A seconda della natura della crescita del tumore, si distinguono gli adenocarcinomi esofitici (crescono verso l'esterno), endofitici (crescono in profondità nei tessuti) e misti (crescono in entrambe le direzioni)..

A seconda della struttura delle cellule e del loro stato funzionale, si distinguono le seguenti forme tumorali:

  • altamente differenziato;
  • basso rango;
  • moderatamente differenziato.

Altamente differenziato

Tale adenocarcinoma è caratterizzato da un piccolo numero di cellule alterate. Quest'ultimo può presentare segni atipici (allungamento, presenza di un nucleo allungato, grandi dimensioni). Un minimo grado di polimorfismo cellulare è caratteristico..

Questa forma di adenocarcinoma procede in modo più favorevole. La probabilità di diffondersi agli strati profondi dell'utero è bassa.

Moderatamente differenziato

Adenocarcinoma uterino moderatamente differenziato nelle ragazze di età inferiore a 30 anni raramente metastasi.

La malattia è grave, in contrasto con la forma altamente differenziata.

L'adenocarcinoma endometriale moderatamente differenziato è caratterizzato da un grado medio di polimorfismo cellulare e una migliore divisione cellulare. Il quadro clinico non ha caratteristiche distintive. Per lungo tempo, può essere asintomatico..

Basso rango

Con questa patologia, la prognosi è la meno favorevole. Con questa forma di cancro, un gran numero di cellule uterine ha segni di atipia. Il polimorfismo è fortemente espresso.

L'adenocarcinoma uterino di basso grado è caratterizzato dal decorso più maligno.

Diagnosi e terapia

Se hai sintomi di cancro uterino, dovresti visitare un ginecologo ed essere esaminato. Avrai bisogno:

  1. Sondaggio (raccolta di anamnesi e anamnesi).
  2. Esame fisico.
  3. Esame ginecologico Tenuto su una sedia ostetrica. Il medico usa specchi con cui esaminare la vagina e la cervice.
  4. Biopsia di aspirazione. Si consiglia di eseguire questa procedura il 25-26 ° giorno del ciclo (per le donne in età riproduttiva). Durante la procedura, il contenuto dell'utero viene prelevato con un catetere e una siringa.
  5. Ecografia.
  6. Isteroscopia (esame dell'utero mediante endoscopio).
  7. Esami clinici generali del sangue e delle urine.
  8. Analisi biochimiche.
  9. Studio sulla fluorescenza.
  10. Analisi istologiche e citologiche. Consentire di rilevare cellule atipiche ed escludere metaplasia squamosa.
  11. Analisi delle sbavature.
  12. Curettage diagnostico separato.

La diagnosi differenziale dell'adenocarcinoma uterino viene eseguita con polipi, cisti, endometriosi, endometrite, patologia dell'appendice e neoplasie benigne - fibromi uterini.

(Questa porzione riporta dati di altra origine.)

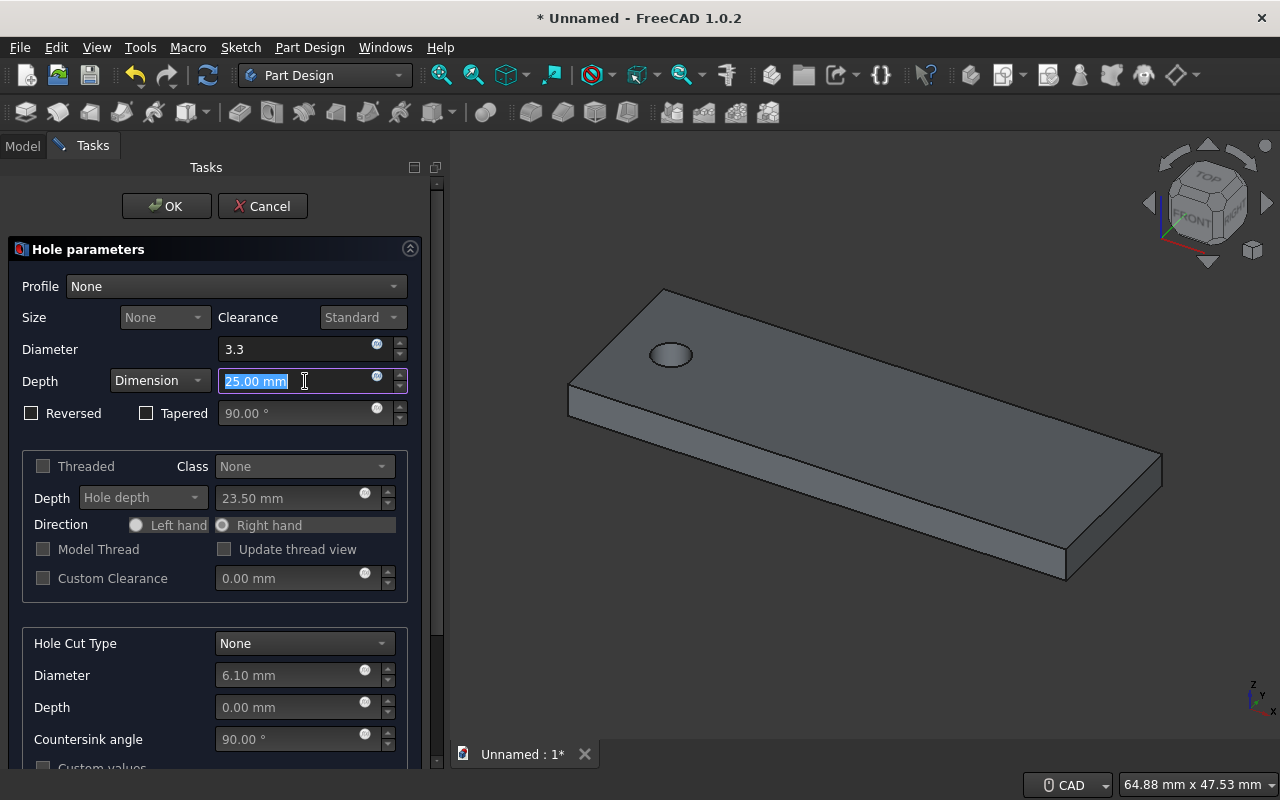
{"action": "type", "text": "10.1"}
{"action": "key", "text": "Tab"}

Il regime di trattamento è determinato individualmente. I metodi di trattamento per l'adenocarcinoma sono:

  1. Operazione. Più efficace nella prima e nella seconda fase della malattia, quando non ci sono metastasi. Le più comunemente eseguite sono l'amputazione extra-vaginale dell'utero (comporta la rimozione del corpo dell'organo mentre si mantiene la cervice), la panisteristerectomia (un'operazione estesa che comporta la rimozione del collo e del corpo dell'organo, delle tube di Falloppio e delle ghiandole genitali femminili) e la rimozione dell'utero con annessectomia mediante taglio del glutine. Spesso, i linfonodi interessati vengono rimossi durante l'intervento chirurgico..
  2. Radioterapia a distanza.
  3. Chemioterapia. Nel cancro sono indicati i citostatici. I più comunemente prescritti sono Vero-Mitomicina, Ifosfamide, Holoxan e 5-Fluorouracil-Ebeve.
  4. Brachiterapia (prevede l'introduzione di un cilindro nella cavità dell'organo, seguita dall'irradiazione dei tessuti).
  5. Terapia ormonale (l'uso di farmaci ormonali). È un metodo di trattamento ausiliario. Vengono utilizzati antiestrogeni e progestinici..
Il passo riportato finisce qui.